The publishers of LM, Informinc (LM) ltd., were promptly sued for libel by ITV and in March 2000 the magazine was forced to close. Reporters Penny Marshall (UK journalist) and Ian Williams were each awarded £150,000 over the "L.M." story and the magazine was also ordered to pay £75,000 for libelling ITN in a February 1997 article.[5] The network now lives on in its current media incarnations, the Institute of Ideas and web magazine Spiked Online, edited by Brendan O'Neill. LM and its successor organisations continue to espouse a range of libertarian views, though they continue to regard themselves as "left wing". [6]

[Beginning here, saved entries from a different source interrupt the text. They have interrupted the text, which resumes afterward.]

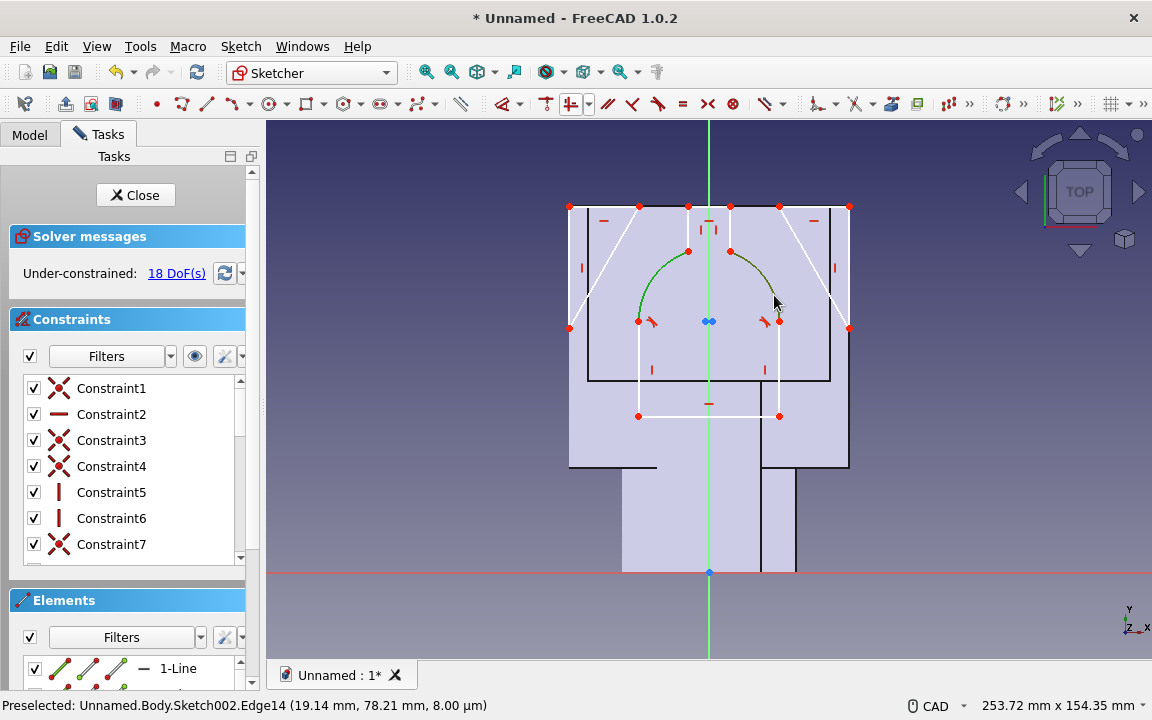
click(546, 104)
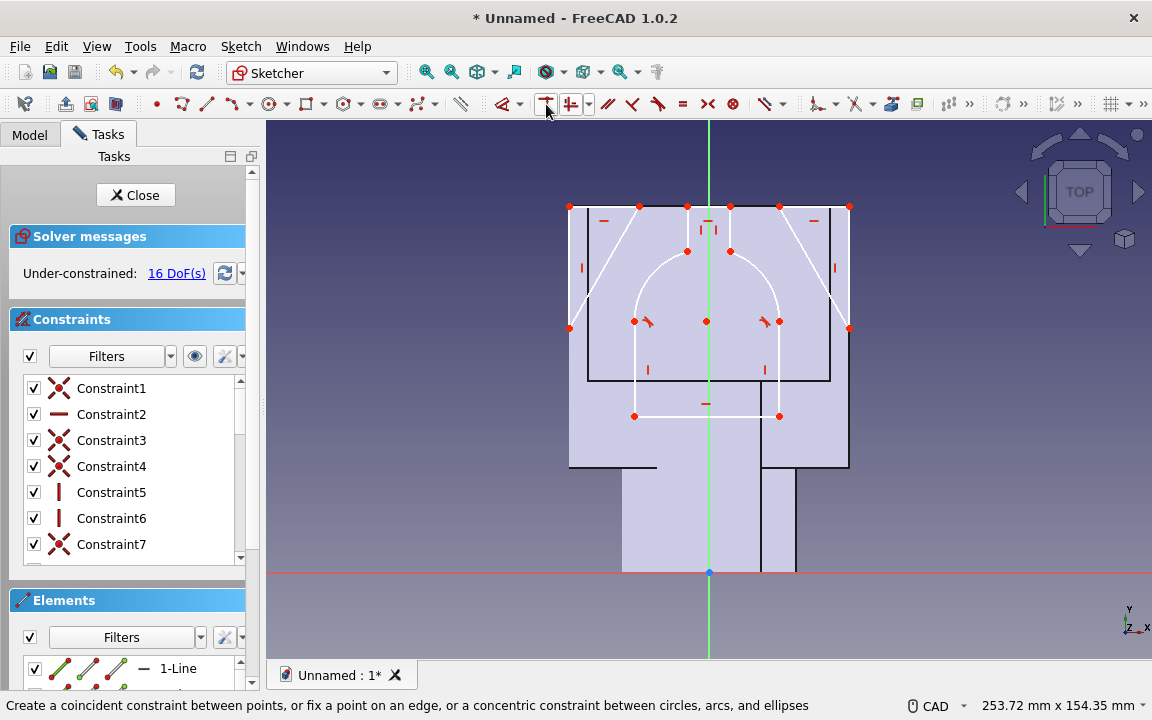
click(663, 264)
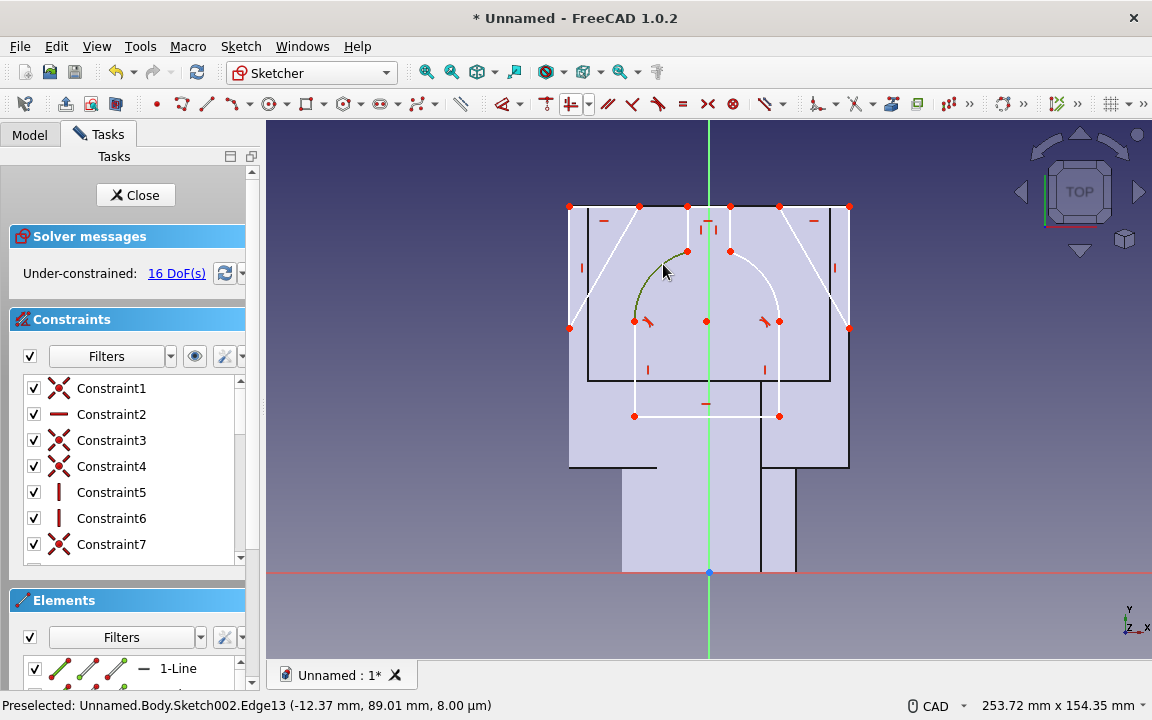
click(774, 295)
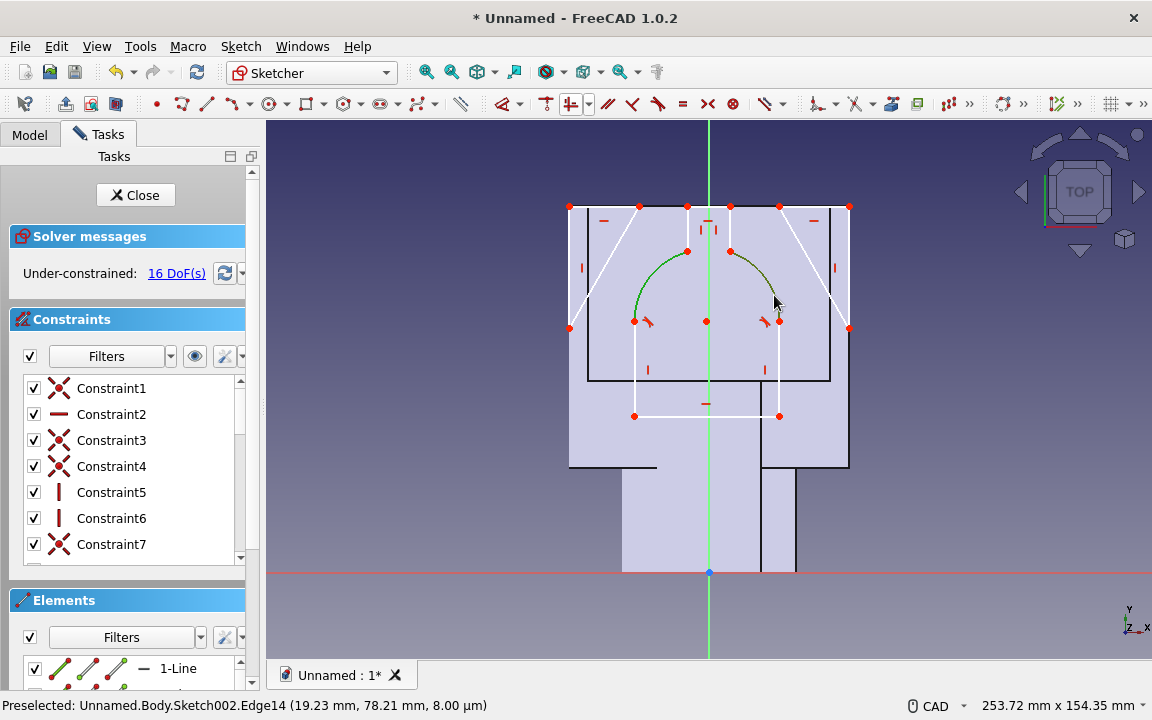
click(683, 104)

By Valuethinker (not verified) on 30 Mar 2007 #permalink

Bully for you Tim. Without the large number of sycophantic cheerleaders, the peer reviewed (peer, in this context, obviously meaning ideologically sympathetic) probably would not get the world changing status they crave.

As anyone who has a little knowledge, of human behaviour and the amount of "dirty" coal in China and India, can see, the rate of CO2 spewed into the atmosphere is not going to abate anytime soon. Of course that's forgetting all the Kyoto targets that have not been achieved and all those new Yankee, coal fired power stations, still coming on line, now and into the future.

That almost certain median term scenario will give even the simplest layman the opportunity to test the accuracy of today's climate models. Let's hope they work in reverse, just in case the non-anthropogenic global warming believers, such as the Russian Abdussamatov, are on the money and the "big freeze" does start in 2012 , with 2040 expected to be a particularly cold year. In that case we might all be heading south for golf or for beaches with bikini clad women.